А я вспомнил, что цари из рода Романовых что-то не очень-то долго жили. Лет по пятьдесят всего — максимум. Кто-то и до тридцати не доживал. К сожалению, я не помнил, кто из них. Самой долгожительницей, вроде, была Екатерина Вторая, прожившая свыше шестидесяти лет, но она уже была из другого рода.
— Вот и я говорю. Но если я поменяю жизнь, то линия жизни на правой руке может измениться.
— А это, что за линии?
— Это — ума. Эта — сердца. Это — линия судьбы. Потом тебе про них расскажу. Долго.
Я в хиромантию не верил, но если судить по моим рукам, то всё сходится.
— Это тебя мать научила? Она у тебя ведуньей была?
— Она была магиней. Так в Персии ведуний кличут.
— Она тебя научила чему-нибудь?
— Совсем немногому. Пошли в избу.
— Пошли.
В избе у меня было, как в доме у бабушки. Только окошки были слюдяные. Зато занавески на окошках были точь в точь: белые с вышитыми крестом петухами. Дорого я отдал за них. В красном углу стояла иконка, и висела ладанка, подаренные крёстными. Горела масляная лампада.
— Хорошо у тебя. Говорили же нет тут жилья.
— Срубили свежее жильё. И печь, как у меня во дворце. Люблю слушать, как она трещит. А нянька в это время сказывает про русских богатырей и князей. Борис Иванович много сказок знает.
Я прикинул, и понял, что, толком, не помню ни одной.

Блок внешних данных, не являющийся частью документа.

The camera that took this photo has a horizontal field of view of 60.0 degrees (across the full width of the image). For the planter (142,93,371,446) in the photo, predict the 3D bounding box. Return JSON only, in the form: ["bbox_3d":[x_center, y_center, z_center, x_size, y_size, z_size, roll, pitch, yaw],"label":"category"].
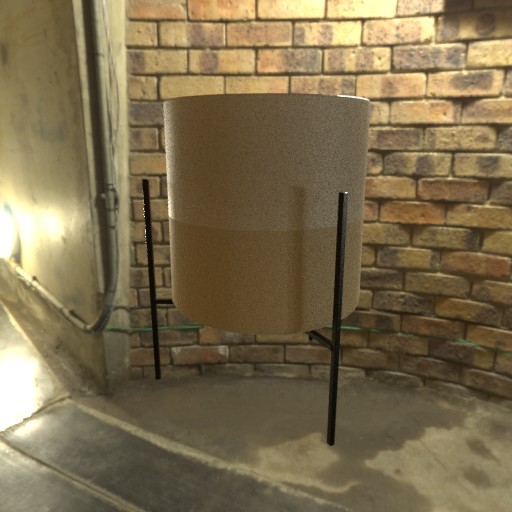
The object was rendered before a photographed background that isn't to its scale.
[{"bbox_3d":[0.000,0.000,0.546,0.267,0.362,0.263,-3,15,-10],"label":"planter"}]
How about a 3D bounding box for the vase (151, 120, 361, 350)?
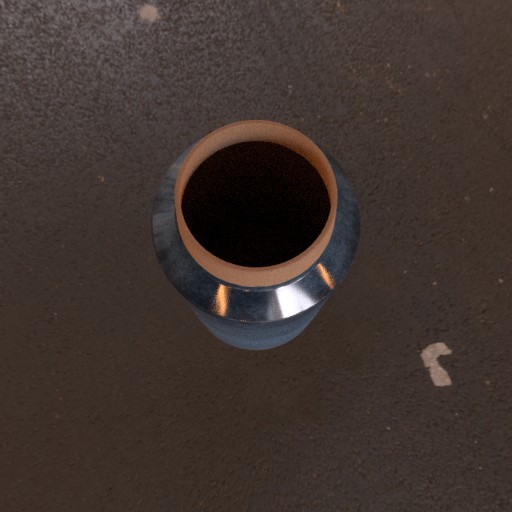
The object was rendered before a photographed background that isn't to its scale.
[{"bbox_3d":[0.000,0.000,0.413,0.163,0.316,0.163,0,76,0],"label":"vase"}]

Даже Руслана и Людмилу только до царя Кащея, что над златом чахнет и то, с трудом.
— Рассказать ему про конька-горбунка? — подумал я. — Да, пошло оно! Он мне будет руки-ноги рубить, а я ему сказки рассказывать? Ведь придёт время так и не пожалеет. Э-э-э-х…
— Что с тобой? — спросил царевич. — Показывай картинки.
Я показал. Царевич теперь не охал, а смотрел на рисунки внимательно.
— Хочу так же писать виды. Лошади какие у тебя… Словно живые.
— Я очень долго учился. И сначала ничего не получалось. Это надо помнить. Что любое мастерство достигается великим трудом.
— Мас-тер-ство, — произнёс царевич. — Это что? Это когда ты что-то очень хорошо делаешь. Лучше других. Такой человек называется — мастер. Мастак.
— А-а-а… Мастак. Это слово я слышал.
— Вот… Начинать учиться рисовать надо с простого. Вот, нарисуй горшок. Знаешь, что такое симметрия. Греческое слово.
Царевич покрутил головой. Я взял лист бумаги и согнул его пополам. Потом достал краски и намазал ими на одной стороне от сгиба. Согнул лист снова и прижал. Развернул.
— Ух ты! Мотыль получился!
— Да, если тут подрисовать тельце, получится мотыль.
— Красиво! — покивал одобрительно царевич.
— Это называется симметрия. Бог создал мир симметрии. У нас по две руки, по две ноги. Понимаешь?